India's prime minister has taken an initiative to open a way out of the tragic, bloody morass that passes for relations between India and Pakistan. It implicitly recognises the fact that there is no military solution to the Kashmir issue?Pakistan lacks the muscle to wrest Kashmir from Indian rule, and India cannot win decisively over Pakistan in difficult, mountainous terrain.
This remains as true today as in 1989 when India's unconscionable manipulation of Kashmiri politics led to a popular uprising. Pakistan was quick to translate India's losses into its gains and the military establishment hit upon the "bleed India through jihad" policy, to be accompanied by denials of involvement. It was imagined as a low-cost option leading to eventual victory.
Post-Iraq?and 70,000 Kashmiri, Pakistani and Indian lives later?it is opportune for Pakistanis to ask whether this unacknowledged strategy is working. For the last decade this question has been off limits. So it was to my surprise that Pakistan's president, General Musharraf, recently met with a diverse group of Pakistanis for what turned out to be an intense debate focusing on Kashmiri policy. That the president is willing to listen to dissenting voices such as mine is of some encouragement.
Pakistan's rationale for covert war in Kashmir has been twofold. The first objective of the low-intensity war was to "bleed" India so that it would cut its losses and quit. But there has been no evidence of a weakening of resolve. In fact, an unprecedented show of national unity emerged in India in response to Pakistan's infiltration of troops and jihadis across the line of control.
More significantly, confounding the expectation of Pakistani strategists, India's economy did not collapse but boomed. Indian foreign exchange reserves stand at over $70bn and IT companies alone earn India $10bn a year, equivalent to Pakistan's total foreign exchange holdings. This figure is expected to double in the next few years. Indian scientific institutions are now among the world's best. Pakistan's reborn economy, on the other hand, owes more to Musharraf's adroit handling of 9/11 than to any inner strength. Its industry is barely crawling, while education and scientific research seem incurably ill. In a technologically driven world, this is a devastating weakness.
The second Pakistani rationale was to keep Kashmir in the news. The implicit hope was that a high level of tension between two nuclear states would sufficiently alarm the international community?especially the US?that India would be forced to see reason. To raise fear levels, Pakistani leaders worked to cultivate an image of Pakistan as a defiant, nuclear-armed state ready to commit suicide. But at other moments, they sought to project an image of being calm, assured and responsible. Such signals made the threat of nuclear apocalypse real enough to keep a steady stream of foreign leaders coming to Islamabad and Delhi at the peak of the tensions last year. Pakistan felt the world would rush to solve the dispute. This turned out to be a miscalculation. In fact, the principal international alarm has been over the Kashmiri mujahedin and Pakistani nuclear weapons. This attitude preceded 9/11, but now dominates thinking. The US state department's recent declaration of over 20 jihadist organisations as terrorist includes the Hizb ul-Mujahedin, the largest mujahedin group fighting Indian rule in Kashmir, with no history of attacking US interests. And in the international press Pakistan is often accused of playing the nuclear card to provoke fear, while India is blamed less often than in the past.

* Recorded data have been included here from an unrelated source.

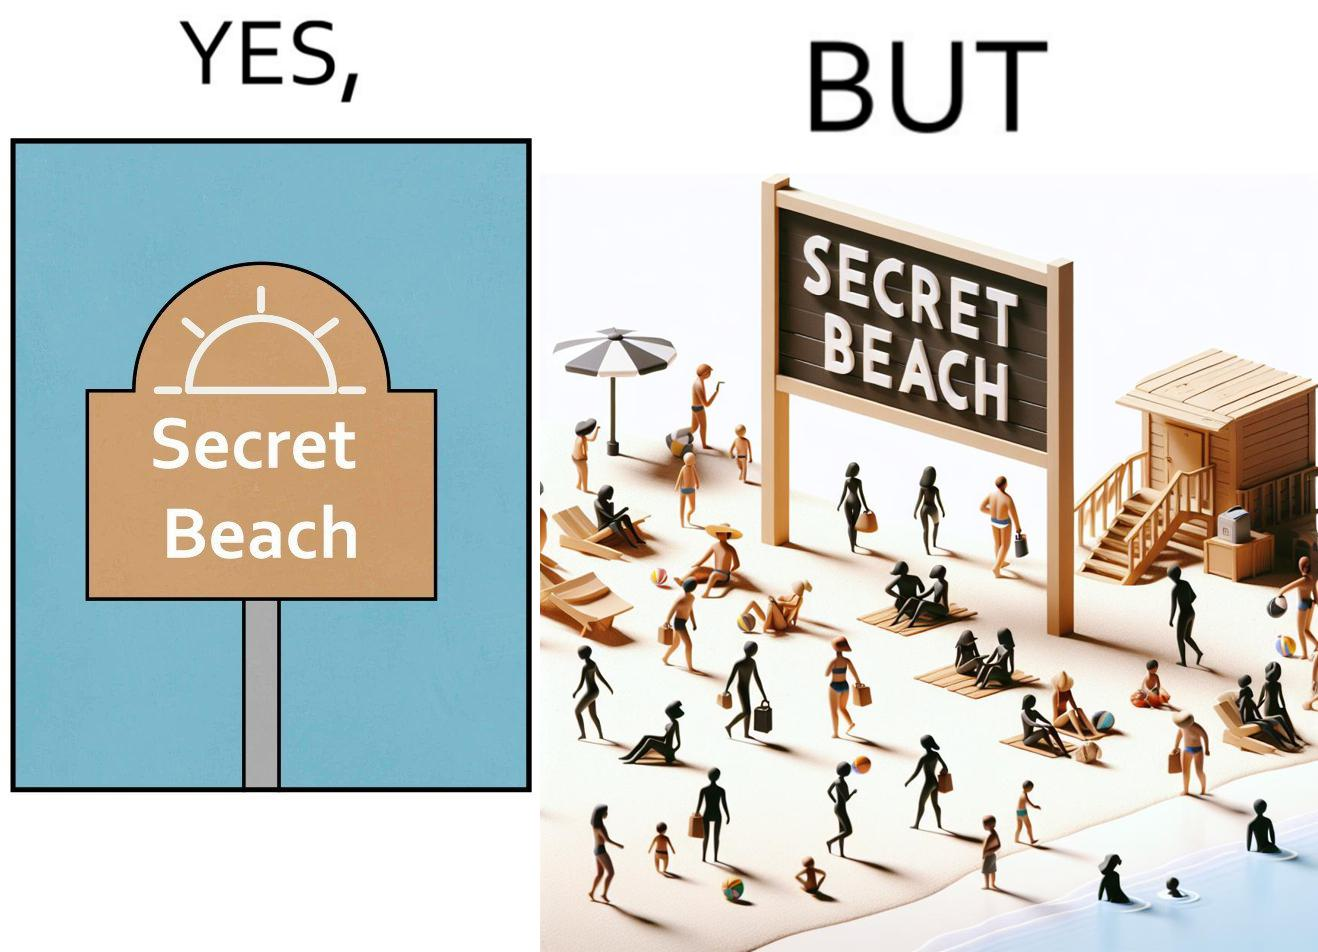Why is this image considered satirical? The image is ironical, as people can be seen in the beach, and is clearly not a secret, while the board at the entrance has "Secret Beach" written on it. 
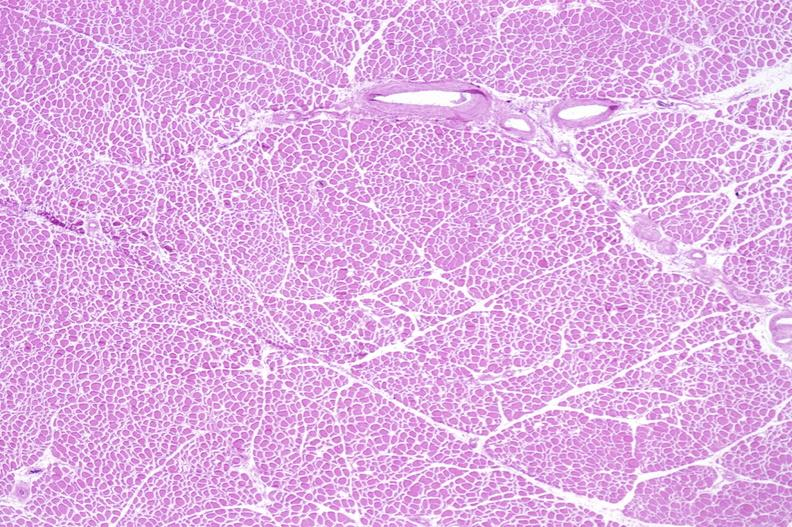what does this image show?
Answer the question using a single word or phrase. Skeletal muscle atrophy 
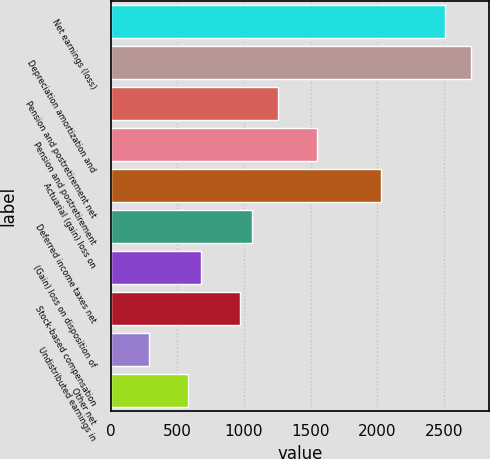Convert chart to OTSL. <chart><loc_0><loc_0><loc_500><loc_500><bar_chart><fcel>Net earnings (loss)<fcel>Depreciation amortization and<fcel>Pension and postretirement net<fcel>Pension and postretirement<fcel>Actuarial (gain) loss on<fcel>Deferred income taxes net<fcel>(Gain) loss on disposition of<fcel>Stock-based compensation<fcel>Undistributed earnings in<fcel>Other net<nl><fcel>2511<fcel>2704<fcel>1256.5<fcel>1546<fcel>2028.5<fcel>1063.5<fcel>677.5<fcel>967<fcel>291.5<fcel>581<nl></chart> 
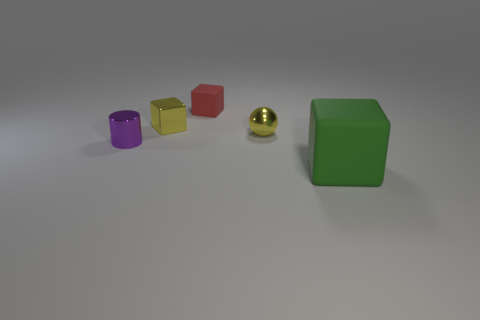Add 5 purple metallic cylinders. How many objects exist? 10 Subtract all cylinders. How many objects are left? 4 Subtract 1 green blocks. How many objects are left? 4 Subtract all purple metallic cylinders. Subtract all rubber things. How many objects are left? 2 Add 1 small red blocks. How many small red blocks are left? 2 Add 4 small purple objects. How many small purple objects exist? 5 
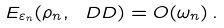<formula> <loc_0><loc_0><loc_500><loc_500>E _ { \varepsilon _ { n } } ( \rho _ { n } , \ D D ) = O ( \omega _ { n } ) \, .</formula> 
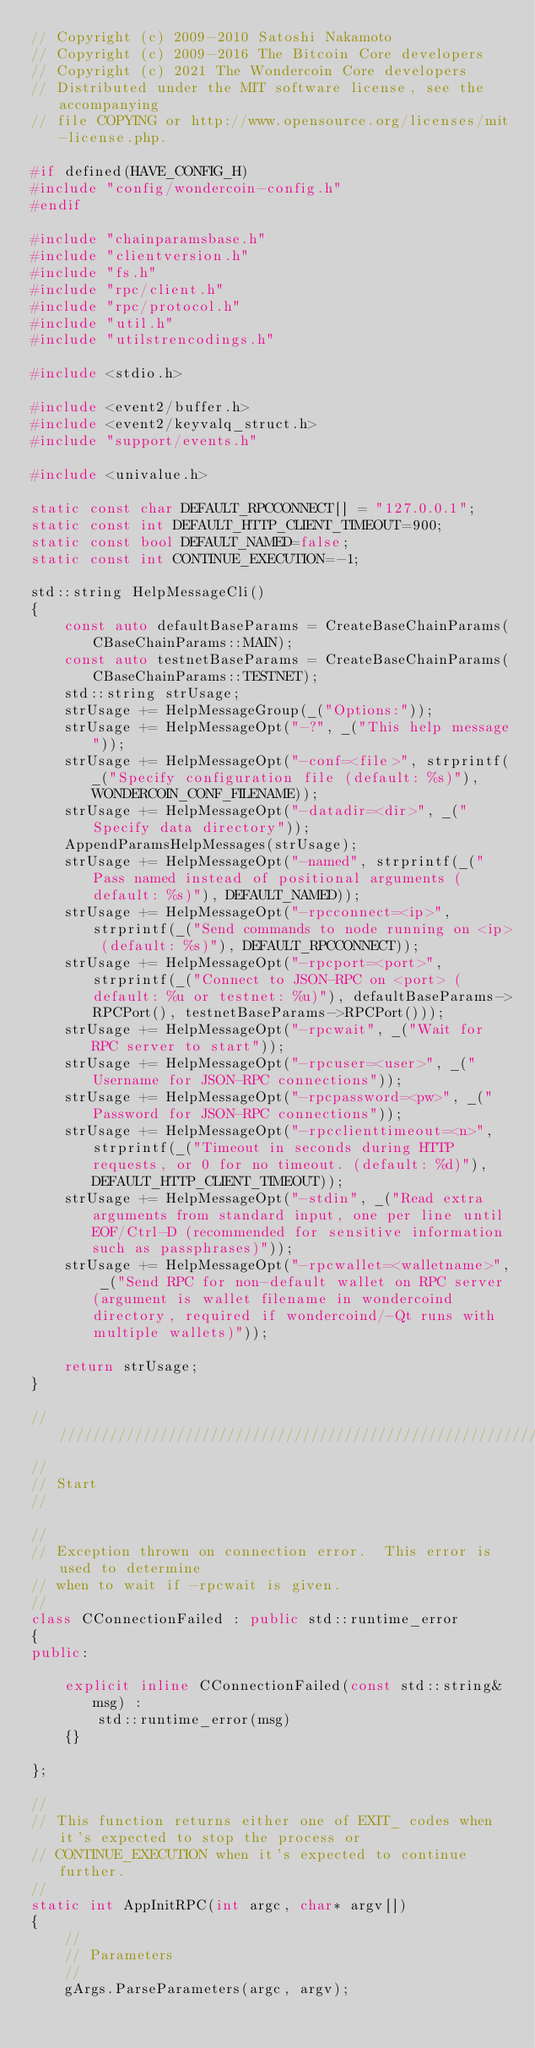<code> <loc_0><loc_0><loc_500><loc_500><_C++_>// Copyright (c) 2009-2010 Satoshi Nakamoto
// Copyright (c) 2009-2016 The Bitcoin Core developers
// Copyright (c) 2021 The Wondercoin Core developers
// Distributed under the MIT software license, see the accompanying
// file COPYING or http://www.opensource.org/licenses/mit-license.php.

#if defined(HAVE_CONFIG_H)
#include "config/wondercoin-config.h"
#endif

#include "chainparamsbase.h"
#include "clientversion.h"
#include "fs.h"
#include "rpc/client.h"
#include "rpc/protocol.h"
#include "util.h"
#include "utilstrencodings.h"

#include <stdio.h>

#include <event2/buffer.h>
#include <event2/keyvalq_struct.h>
#include "support/events.h"

#include <univalue.h>

static const char DEFAULT_RPCCONNECT[] = "127.0.0.1";
static const int DEFAULT_HTTP_CLIENT_TIMEOUT=900;
static const bool DEFAULT_NAMED=false;
static const int CONTINUE_EXECUTION=-1;

std::string HelpMessageCli()
{
    const auto defaultBaseParams = CreateBaseChainParams(CBaseChainParams::MAIN);
    const auto testnetBaseParams = CreateBaseChainParams(CBaseChainParams::TESTNET);
    std::string strUsage;
    strUsage += HelpMessageGroup(_("Options:"));
    strUsage += HelpMessageOpt("-?", _("This help message"));
    strUsage += HelpMessageOpt("-conf=<file>", strprintf(_("Specify configuration file (default: %s)"), WONDERCOIN_CONF_FILENAME));
    strUsage += HelpMessageOpt("-datadir=<dir>", _("Specify data directory"));
    AppendParamsHelpMessages(strUsage);
    strUsage += HelpMessageOpt("-named", strprintf(_("Pass named instead of positional arguments (default: %s)"), DEFAULT_NAMED));
    strUsage += HelpMessageOpt("-rpcconnect=<ip>", strprintf(_("Send commands to node running on <ip> (default: %s)"), DEFAULT_RPCCONNECT));
    strUsage += HelpMessageOpt("-rpcport=<port>", strprintf(_("Connect to JSON-RPC on <port> (default: %u or testnet: %u)"), defaultBaseParams->RPCPort(), testnetBaseParams->RPCPort()));
    strUsage += HelpMessageOpt("-rpcwait", _("Wait for RPC server to start"));
    strUsage += HelpMessageOpt("-rpcuser=<user>", _("Username for JSON-RPC connections"));
    strUsage += HelpMessageOpt("-rpcpassword=<pw>", _("Password for JSON-RPC connections"));
    strUsage += HelpMessageOpt("-rpcclienttimeout=<n>", strprintf(_("Timeout in seconds during HTTP requests, or 0 for no timeout. (default: %d)"), DEFAULT_HTTP_CLIENT_TIMEOUT));
    strUsage += HelpMessageOpt("-stdin", _("Read extra arguments from standard input, one per line until EOF/Ctrl-D (recommended for sensitive information such as passphrases)"));
    strUsage += HelpMessageOpt("-rpcwallet=<walletname>", _("Send RPC for non-default wallet on RPC server (argument is wallet filename in wondercoind directory, required if wondercoind/-Qt runs with multiple wallets)"));

    return strUsage;
}

//////////////////////////////////////////////////////////////////////////////
//
// Start
//

//
// Exception thrown on connection error.  This error is used to determine
// when to wait if -rpcwait is given.
//
class CConnectionFailed : public std::runtime_error
{
public:

    explicit inline CConnectionFailed(const std::string& msg) :
        std::runtime_error(msg)
    {}

};

//
// This function returns either one of EXIT_ codes when it's expected to stop the process or
// CONTINUE_EXECUTION when it's expected to continue further.
//
static int AppInitRPC(int argc, char* argv[])
{
    //
    // Parameters
    //
    gArgs.ParseParameters(argc, argv);</code> 
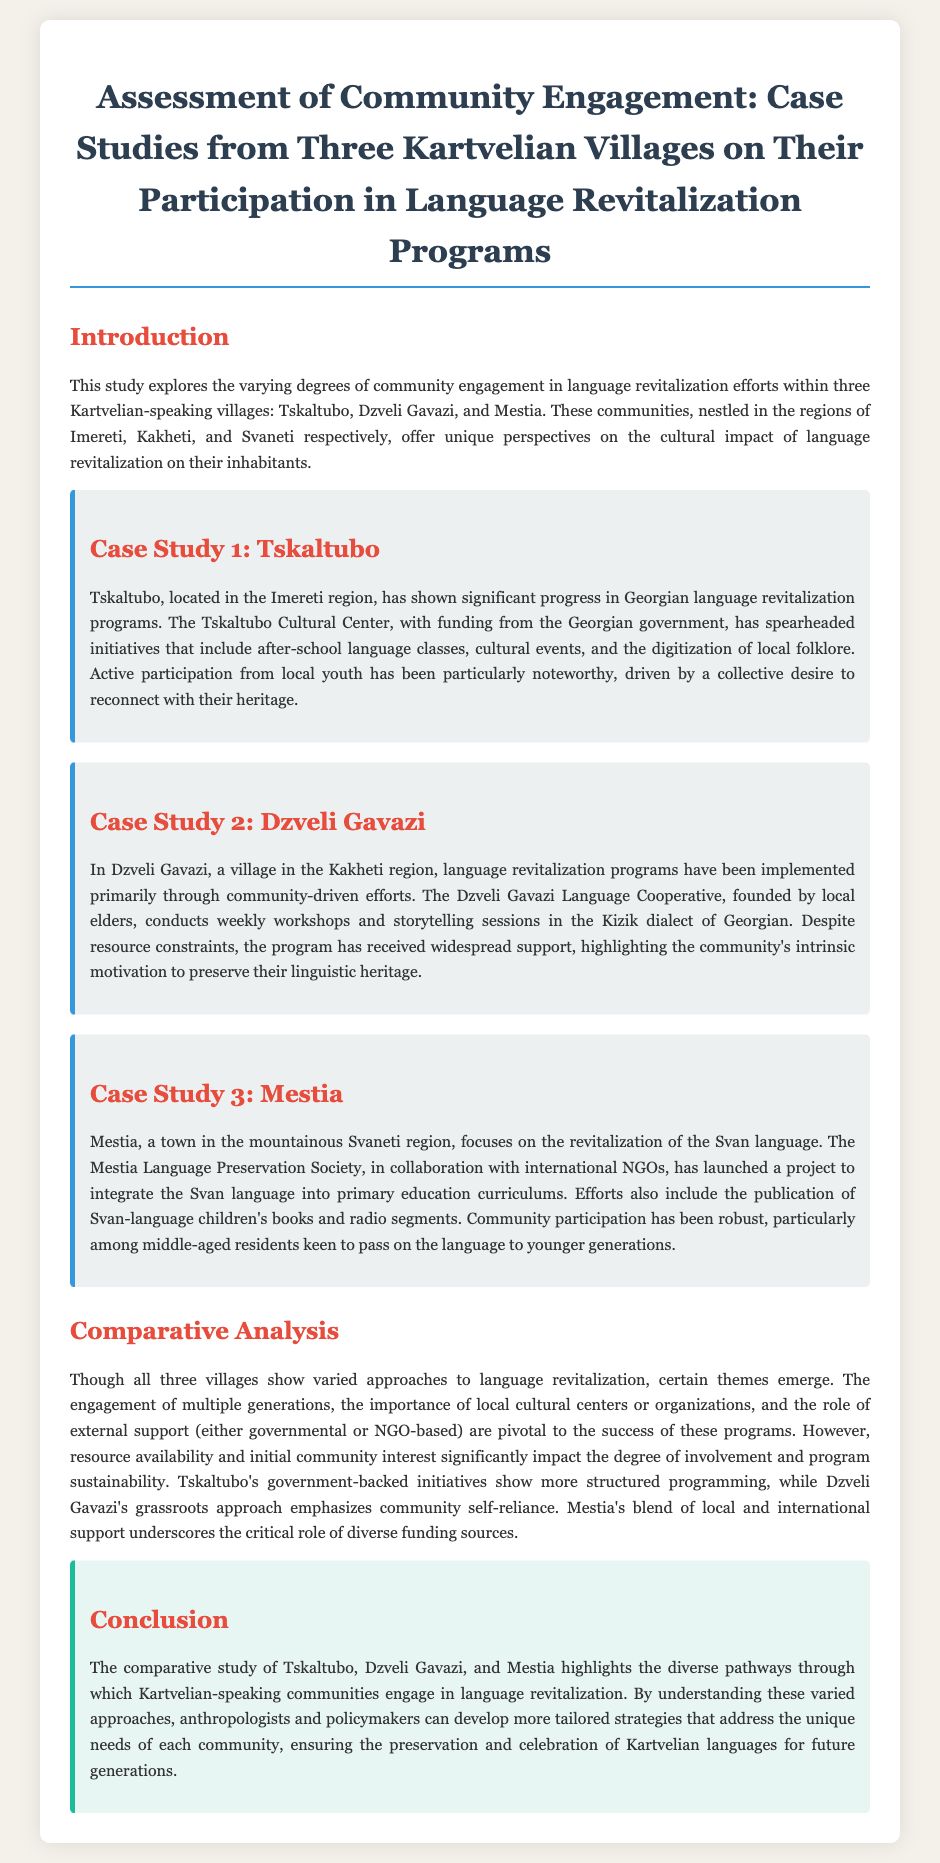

The consequence of waging covert war has been steady loss of international support for the Kashmiri struggle. This fact is known to all Pakistani diplomats who represent the country in the world's capitals, including those of Muslim countries. The moral high ground?the most powerful weapon of the weak?erodes after every massacre of Hindu civilians in Kashmir. India, the occupying power in Kashmir, has successfully portrayed itself as a victim of terror.
There is little to suggest that Pakistan has any new game plan. Resistance to change has many sources?a possible backlash from the religious parties and extreme elements within the military, and a large standing army that needs an enemy. Inertia and default dominate planning and design.
Where should new directions point? The two countries must abandon positions fixed 50 years ago and the your-loss-is-my-gain-mentality must be exchanged for one that values prosperity and social stability. This requires Pakistan to live up to its officially stated position?that it will provide only diplomatic and political support to Kashmiris struggling against India.
Kashmir watchers have counted over 30 long-term solution plans. One that makes particular sense envisages two Kashmiri entities straddling the line of control with their own governments and constitutions. These two entities, one associated with Pakistan, the other India, would have soft borders allowing for easy transit of people and goods. The details can be worked out by all three parties: Kashmiris, Pakistanis, and Indians. The US could act as facilitator.
The Pakistan/India conflict is like a cancerous growth, an organism with its own logic of development, in which deadly hatreds thrive and nourish each other. With Prime Minister Vajpayee's forthcoming visit, which he describes as the "third and last" peace effort of his lifetime, it is essential that another failure is averted.